The city's best and perhaps most-used public pool can be found in Emancipation Park, set in the Third Ward just east of downtown. During the segregation era, Emancipation was Houston's lone municipal park for African-Americans. Today it's a hub for athletics and all kinds of fun and friendly neighborhood activities. The popular pool and water slide attract thousands throughout the ­summer.
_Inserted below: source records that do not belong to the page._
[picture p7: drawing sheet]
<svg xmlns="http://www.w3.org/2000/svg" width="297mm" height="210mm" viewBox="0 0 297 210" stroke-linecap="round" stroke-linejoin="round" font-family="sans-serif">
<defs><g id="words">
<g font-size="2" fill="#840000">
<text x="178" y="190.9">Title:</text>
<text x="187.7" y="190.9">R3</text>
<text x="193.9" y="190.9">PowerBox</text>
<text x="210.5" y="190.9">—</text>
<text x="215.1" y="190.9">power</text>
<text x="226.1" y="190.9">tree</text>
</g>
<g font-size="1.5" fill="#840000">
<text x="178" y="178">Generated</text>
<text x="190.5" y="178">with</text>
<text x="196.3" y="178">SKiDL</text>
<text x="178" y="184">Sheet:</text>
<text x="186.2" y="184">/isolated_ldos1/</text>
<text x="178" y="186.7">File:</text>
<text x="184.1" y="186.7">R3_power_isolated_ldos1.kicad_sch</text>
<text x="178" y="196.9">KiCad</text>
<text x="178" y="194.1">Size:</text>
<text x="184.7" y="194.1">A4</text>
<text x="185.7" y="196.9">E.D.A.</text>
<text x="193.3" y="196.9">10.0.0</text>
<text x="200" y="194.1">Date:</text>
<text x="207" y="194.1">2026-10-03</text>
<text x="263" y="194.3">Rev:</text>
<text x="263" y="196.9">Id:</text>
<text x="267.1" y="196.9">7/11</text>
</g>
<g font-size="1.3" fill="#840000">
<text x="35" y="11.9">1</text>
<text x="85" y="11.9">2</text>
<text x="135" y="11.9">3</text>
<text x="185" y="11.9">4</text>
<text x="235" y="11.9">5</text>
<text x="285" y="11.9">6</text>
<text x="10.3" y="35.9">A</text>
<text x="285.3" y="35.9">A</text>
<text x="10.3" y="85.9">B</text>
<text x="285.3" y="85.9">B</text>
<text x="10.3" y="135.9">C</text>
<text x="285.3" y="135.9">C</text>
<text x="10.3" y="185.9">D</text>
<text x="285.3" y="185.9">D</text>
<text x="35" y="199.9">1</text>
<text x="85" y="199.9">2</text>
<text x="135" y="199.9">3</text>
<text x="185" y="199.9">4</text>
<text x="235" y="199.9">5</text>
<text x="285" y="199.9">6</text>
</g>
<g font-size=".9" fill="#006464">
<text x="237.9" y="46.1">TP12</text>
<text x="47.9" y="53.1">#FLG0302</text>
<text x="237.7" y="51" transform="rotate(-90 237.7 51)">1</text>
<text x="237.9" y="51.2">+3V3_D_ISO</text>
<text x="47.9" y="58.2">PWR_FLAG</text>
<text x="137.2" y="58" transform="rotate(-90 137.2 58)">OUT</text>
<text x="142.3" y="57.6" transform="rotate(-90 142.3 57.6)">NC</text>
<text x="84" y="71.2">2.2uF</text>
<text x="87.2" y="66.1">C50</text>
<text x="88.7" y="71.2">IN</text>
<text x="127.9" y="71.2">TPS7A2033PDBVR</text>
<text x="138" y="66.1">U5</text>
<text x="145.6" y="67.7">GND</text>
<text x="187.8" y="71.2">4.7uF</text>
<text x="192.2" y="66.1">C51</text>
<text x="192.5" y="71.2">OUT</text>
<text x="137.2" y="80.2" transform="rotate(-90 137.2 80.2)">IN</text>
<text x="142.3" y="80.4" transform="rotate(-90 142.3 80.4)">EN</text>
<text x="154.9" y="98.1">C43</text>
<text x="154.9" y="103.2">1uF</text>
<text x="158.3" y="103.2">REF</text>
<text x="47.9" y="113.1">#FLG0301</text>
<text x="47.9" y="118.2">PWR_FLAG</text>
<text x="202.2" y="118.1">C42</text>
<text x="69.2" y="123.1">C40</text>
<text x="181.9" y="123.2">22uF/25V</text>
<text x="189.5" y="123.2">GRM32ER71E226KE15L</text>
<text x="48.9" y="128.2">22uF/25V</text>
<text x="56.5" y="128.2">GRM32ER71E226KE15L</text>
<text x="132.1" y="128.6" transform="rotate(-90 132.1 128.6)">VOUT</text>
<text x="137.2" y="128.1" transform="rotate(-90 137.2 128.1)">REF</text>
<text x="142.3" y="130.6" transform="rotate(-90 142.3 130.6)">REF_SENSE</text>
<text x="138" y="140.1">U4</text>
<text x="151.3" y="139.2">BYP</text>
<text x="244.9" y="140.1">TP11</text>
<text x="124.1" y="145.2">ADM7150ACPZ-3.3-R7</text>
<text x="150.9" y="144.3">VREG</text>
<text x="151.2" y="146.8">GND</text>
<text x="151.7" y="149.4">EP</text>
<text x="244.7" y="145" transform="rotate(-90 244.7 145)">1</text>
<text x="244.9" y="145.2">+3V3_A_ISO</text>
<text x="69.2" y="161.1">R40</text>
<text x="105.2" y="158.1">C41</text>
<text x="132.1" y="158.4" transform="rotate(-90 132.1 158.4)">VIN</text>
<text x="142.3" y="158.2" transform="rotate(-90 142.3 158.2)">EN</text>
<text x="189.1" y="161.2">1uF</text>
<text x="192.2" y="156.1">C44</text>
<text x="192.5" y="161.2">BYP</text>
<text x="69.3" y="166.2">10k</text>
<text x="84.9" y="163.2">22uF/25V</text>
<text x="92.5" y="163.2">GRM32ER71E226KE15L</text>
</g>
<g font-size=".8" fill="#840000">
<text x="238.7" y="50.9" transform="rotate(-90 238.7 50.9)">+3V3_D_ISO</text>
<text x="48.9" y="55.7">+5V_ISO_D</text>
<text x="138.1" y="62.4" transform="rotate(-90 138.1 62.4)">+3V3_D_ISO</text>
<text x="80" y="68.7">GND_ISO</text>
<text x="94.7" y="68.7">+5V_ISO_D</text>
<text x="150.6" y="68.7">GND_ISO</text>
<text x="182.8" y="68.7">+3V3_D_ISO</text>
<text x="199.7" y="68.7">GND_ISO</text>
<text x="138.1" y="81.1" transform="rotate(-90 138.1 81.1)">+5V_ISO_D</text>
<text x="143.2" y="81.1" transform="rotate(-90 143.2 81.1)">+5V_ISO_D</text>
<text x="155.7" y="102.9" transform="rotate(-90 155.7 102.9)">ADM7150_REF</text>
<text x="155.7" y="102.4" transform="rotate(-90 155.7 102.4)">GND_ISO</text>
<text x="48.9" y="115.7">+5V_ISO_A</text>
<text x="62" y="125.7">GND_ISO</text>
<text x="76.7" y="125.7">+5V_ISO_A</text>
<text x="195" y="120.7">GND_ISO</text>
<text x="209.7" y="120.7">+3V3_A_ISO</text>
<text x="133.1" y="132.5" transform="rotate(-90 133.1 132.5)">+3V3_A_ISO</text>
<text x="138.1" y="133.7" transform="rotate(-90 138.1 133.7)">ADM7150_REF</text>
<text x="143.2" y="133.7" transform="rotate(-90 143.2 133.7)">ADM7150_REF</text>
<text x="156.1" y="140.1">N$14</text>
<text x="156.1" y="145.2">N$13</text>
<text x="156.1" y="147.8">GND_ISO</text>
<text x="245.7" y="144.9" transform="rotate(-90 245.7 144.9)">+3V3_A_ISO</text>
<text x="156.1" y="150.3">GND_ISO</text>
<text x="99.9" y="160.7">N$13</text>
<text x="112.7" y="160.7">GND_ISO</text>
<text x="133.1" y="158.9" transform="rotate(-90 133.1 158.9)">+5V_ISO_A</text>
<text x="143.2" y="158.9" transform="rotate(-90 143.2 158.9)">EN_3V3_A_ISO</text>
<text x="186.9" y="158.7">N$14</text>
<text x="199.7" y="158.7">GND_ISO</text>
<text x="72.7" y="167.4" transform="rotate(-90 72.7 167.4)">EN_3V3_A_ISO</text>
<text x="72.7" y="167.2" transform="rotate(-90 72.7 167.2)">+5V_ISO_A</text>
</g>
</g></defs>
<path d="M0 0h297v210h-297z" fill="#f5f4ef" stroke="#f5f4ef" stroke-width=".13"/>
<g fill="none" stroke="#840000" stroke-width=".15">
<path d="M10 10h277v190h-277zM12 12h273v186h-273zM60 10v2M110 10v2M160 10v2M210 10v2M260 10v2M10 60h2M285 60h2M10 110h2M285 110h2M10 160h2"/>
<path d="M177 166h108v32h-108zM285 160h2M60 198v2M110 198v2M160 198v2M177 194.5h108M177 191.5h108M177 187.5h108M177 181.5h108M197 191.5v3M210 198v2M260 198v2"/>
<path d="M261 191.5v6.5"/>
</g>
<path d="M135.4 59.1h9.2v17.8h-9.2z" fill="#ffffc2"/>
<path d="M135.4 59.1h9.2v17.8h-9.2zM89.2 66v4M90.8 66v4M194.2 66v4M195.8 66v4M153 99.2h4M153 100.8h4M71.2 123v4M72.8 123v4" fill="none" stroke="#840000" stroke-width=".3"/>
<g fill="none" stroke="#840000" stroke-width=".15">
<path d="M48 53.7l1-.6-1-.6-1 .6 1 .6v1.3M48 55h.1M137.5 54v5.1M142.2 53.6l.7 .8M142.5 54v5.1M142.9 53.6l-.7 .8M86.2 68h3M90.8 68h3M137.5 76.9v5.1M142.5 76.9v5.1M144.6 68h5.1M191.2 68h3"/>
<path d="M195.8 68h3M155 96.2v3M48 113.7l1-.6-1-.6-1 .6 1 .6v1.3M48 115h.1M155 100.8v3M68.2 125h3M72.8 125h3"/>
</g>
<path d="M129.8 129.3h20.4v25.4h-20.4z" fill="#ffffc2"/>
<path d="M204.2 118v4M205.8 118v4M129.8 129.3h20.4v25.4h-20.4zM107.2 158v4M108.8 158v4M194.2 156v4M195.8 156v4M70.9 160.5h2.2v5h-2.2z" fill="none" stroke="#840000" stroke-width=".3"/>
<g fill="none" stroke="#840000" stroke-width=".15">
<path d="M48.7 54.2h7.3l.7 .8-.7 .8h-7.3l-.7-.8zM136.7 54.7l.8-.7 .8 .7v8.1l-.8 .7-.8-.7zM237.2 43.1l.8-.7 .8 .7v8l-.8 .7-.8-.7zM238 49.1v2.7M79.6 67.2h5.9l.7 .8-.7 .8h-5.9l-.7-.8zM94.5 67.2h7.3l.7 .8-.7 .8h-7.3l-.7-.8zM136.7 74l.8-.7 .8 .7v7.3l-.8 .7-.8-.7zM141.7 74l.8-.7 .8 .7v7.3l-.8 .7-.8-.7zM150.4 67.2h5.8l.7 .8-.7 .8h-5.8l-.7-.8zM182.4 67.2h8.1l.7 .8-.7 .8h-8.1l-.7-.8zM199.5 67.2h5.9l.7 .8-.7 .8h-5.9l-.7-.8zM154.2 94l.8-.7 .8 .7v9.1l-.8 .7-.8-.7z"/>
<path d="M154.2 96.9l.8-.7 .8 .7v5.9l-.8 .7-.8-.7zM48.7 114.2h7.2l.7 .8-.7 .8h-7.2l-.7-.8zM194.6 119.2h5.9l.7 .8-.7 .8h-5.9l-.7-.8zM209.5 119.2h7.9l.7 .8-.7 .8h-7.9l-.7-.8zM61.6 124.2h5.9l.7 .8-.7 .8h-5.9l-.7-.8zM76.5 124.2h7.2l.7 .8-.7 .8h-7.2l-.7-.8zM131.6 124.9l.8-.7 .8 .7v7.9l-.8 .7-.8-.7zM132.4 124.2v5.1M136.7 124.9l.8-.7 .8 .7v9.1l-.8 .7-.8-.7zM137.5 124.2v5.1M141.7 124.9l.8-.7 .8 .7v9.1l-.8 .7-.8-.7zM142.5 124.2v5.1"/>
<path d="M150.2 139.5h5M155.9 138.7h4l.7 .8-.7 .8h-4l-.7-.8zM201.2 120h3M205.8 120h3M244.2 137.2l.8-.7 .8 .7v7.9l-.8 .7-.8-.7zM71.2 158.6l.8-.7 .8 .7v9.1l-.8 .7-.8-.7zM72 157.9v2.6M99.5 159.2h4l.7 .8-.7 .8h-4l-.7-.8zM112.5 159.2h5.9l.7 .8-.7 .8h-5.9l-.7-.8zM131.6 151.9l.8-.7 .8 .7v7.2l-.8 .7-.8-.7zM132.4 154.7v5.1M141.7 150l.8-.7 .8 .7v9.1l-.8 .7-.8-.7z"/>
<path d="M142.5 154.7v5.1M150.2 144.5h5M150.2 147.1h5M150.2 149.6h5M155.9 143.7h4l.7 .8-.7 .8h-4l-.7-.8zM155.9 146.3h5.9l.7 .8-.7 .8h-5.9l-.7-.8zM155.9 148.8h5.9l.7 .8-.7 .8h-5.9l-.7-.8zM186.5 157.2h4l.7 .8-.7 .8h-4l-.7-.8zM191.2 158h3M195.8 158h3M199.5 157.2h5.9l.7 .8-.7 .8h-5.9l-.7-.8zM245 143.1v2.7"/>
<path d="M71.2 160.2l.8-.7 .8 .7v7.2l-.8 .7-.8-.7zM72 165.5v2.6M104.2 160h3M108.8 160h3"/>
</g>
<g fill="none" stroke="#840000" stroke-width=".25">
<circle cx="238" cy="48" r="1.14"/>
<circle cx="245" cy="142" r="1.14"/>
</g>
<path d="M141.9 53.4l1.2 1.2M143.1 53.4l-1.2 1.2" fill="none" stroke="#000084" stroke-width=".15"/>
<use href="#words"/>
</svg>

It's been a long, long time since the Houston Rockets have done anything in the playoffs, but hope springs eternal. Tracy McGrady and Yao Ming are the Rockets' superstars, but when it comes to quiet, solid contributions to the team, forward Shane Battier is the real superstar. Rarely out of position or outhustled on defense, he's long been considered an ultimate team-first guy. Plus he's a brainiac from Duke who speaks fluent German, plays jazz trumpet and — unless Obama gets there first — could just end up being the nation's first black president. (It's not so far-fetched: He famously asked his mother, when he was just three years old, whether he'd make a good president.) Battier brings nothing but good to the Rockets. Now if he'd only help them get past the first round of the NBA playoffs, we'd be happy.

Taking nothing away from the Coogs' C-USA championship night, Houston was host to another athletic night to remember for all time this year. The 2007 Astros season opened with all eyes on ­second-baseman Craig Biggio as he chased the storied mark of 3,000 career hits; unfortunately, Bidge struggled at the plate and on the field, making the drama more of a slog than a celebration. All that changed on the night he finally reached the plateau, however. He entered the game June 28 three hits shy, no doubt creating dreams in owner Drayton McLane's head that several more nights of sold-out crowds were still to come. Instead Bidge blasted five hits that night, the most important one coming on a seventh-inning single that made him Mr. 3,000. Amid the ensuing wave of affection, cheering and hugs, Biggio marched to the Astros dugout and forced former teammate Jeff Bagwell to take the field with him. Seeing the beaming pair — with Bags shaggily resembling a surfer dude headed for the beach — is an image Houston sports fans won't forget.

Houston has more sports-talk stations than any fan really needs, but far fewer good sports-talk shows than anyone would like. There's a slew of hosts who don't know basic stuff but prefer going for cheap laughs talking about babes and movies. On the other hand, there's Charlie Pallilo of "The Sports Animal," KBME 790. No one in town — no one in the state — retains more sports knowledge than him. You think he's madly Googling to come up with some obscure stat? Think again — he simply remembered it. Pallilo has a great radio voice and presence, he enjoys a good argument and he doesn't dumb things down (too much: he does feel the need to pimp "the babes" on the station's Web site). Some listeners complain he's too cerebral, but he's actually a refreshing and entertaining antidote to moronic radio.

The voice booms and echoes through the stadium. The names are announced clearly. And with authority. The man behind the microphone at Minute Maid Park never fails to let you know who's batting. Or pitching. Or coming in from the bullpen. Bob Ford's the one constant with the Houston Astros. ESPN once said that he had the voice of God, and when you hear his voice at the ballpark coming out of those speakers, you agree. It's the voice of authority. It's a voice of sincerity. Ford's a former Houston radio DJ, the voice of Fox Sports Houston, and he does voice-overs for Channel 8. But whenever you hear his voice, you think Houston Astros. He's not a cheerleader. He's not a screamer. He's calm. He's precise. He's the man in the know, letting you know. So all hail the voice of God.